C'est là quelque chose que j'aime beaucoup, cette façon d'apparemment parler de deux problèmes différents, mais qui finalement, l'un comme l'autre, ne font appel qu'à la compréhension, l'empathie, l'intelligence, tant ils sont des reflets de la société.

mais hélas, c'est la forme qui pour moi n'a pas beaucoup fonctionné.
le dialogue n'est pas quelque chose d'évident, d'une certaine façon, il "enferme" un récit entre deux (ou plus) protagonistes et limite donc ce que l'auteur pourrait dire de plus.

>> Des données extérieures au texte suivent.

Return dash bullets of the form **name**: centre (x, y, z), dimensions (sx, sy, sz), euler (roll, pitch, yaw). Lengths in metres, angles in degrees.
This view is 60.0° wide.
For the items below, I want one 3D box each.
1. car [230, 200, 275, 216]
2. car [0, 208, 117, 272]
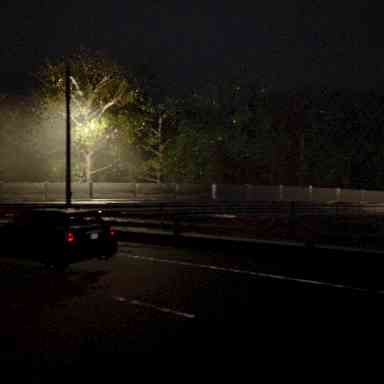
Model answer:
- **car**: centre (5.680, 1.444, 30.943), dimensions (4.181, 1.385, 1.994), euler (0, 0, -18)
- **car**: centre (-4.666, 1.304, 10.745), dimensions (4.553, 1.767, 2.097), euler (0, 0, 30)

Donc, pour résumer, si je n'aime qu'un "peu flèche en haut" ce texte, c'est pour son traitement, pour sa forme.
Mais je salue grandement ce qui est tout d'abord un rappel historique, et la faculté de l'auteur d'aller plus loin, en y adjoignant le questionnement de la petite-fille.
Il faut résister, en douceur. C'est ce que je retire de ce texte.

Merci de la lecture !

En fait, je "monte" à "bien" parce que je constate qu'après avoir rédigé ce com, le texte me laisse malgré tout une belle empreinte.
Comme quoi, entre ce que je pense, dis et fais... :))))

   Alfin   
16/5/2021
Le contexte et mes remerciements sont dans le forum à cette adresse :
http://www.oniris.be/forum/remerciement-pour-un-effet-papillon-t29211s0.html#forumpost405459

   Myo   
17/5/2021
 a aimé ce texte 
Bien
L'histoire est intéressante et met en avant le courage qu'il a fallu à certains pour oser faire changer les choses.

Mais la forme manque un peu de fantaisie, de suspense, de mouvement. Le dialogue n'a pas tout le relief qu'il mériterait pour vraiment accrocher le lecteur.

Merci du partage

   Donaldo75   
20/5/2021
 a aimé ce texte 
Bien
J’ai bien aimé cette courte nouvelle qui rappelle qu’il n’y a pas si longtemps les Etats-Unis étaient encore loin du rêve américain chanté par certains. Mon bémol concerne les dialogues d’introduction qui servent à planter le décor mais dont je trouve que ce n’était pas vraiment la peine car ils sont un peu délayés alors que rentrer dans le vif du sujet par la dissertation permettait de rendre la nouvelle plus dense, de la mettre dans la tonalité politique du sujet. La suite explique bien le climat de l’époque, la peur de la narratrice par rapport aux règles de la ségrégation raciale et à leur application sans réfléchir, aux mauvaises intentions de certains quand ils les appliquaient, avec une approche pédagogique qui sied bien au sujet. Ce même bémol concerne les dialogues de fin. Ceci dit, ces dialogues permettent quand même de ne pas verser la nouvelle dans le registre purement sociologique ou historique, de la rendre plus humaine alors pourquoi pas ?

   cherbiacuespe   
22/5/2021
 a aimé ce texte 
Un peu ↓
J'ai un peu honte, pardon, mais je vais faire bande à part. Certes le sujet est bien traité, c'est assez carré pour un récit entré dans l'histoire à une époque et un territoire ou il ne faisait pas bon d'être noir de peau. Je ne saurais pourtant dire pourquoi je ne suis pas séduit, sinon peut-être le manque de surprise au final. C'est sûrement la raison qui m'avait pousser à ne pas commenter et l'apprécier quand je l'avais lu en EL.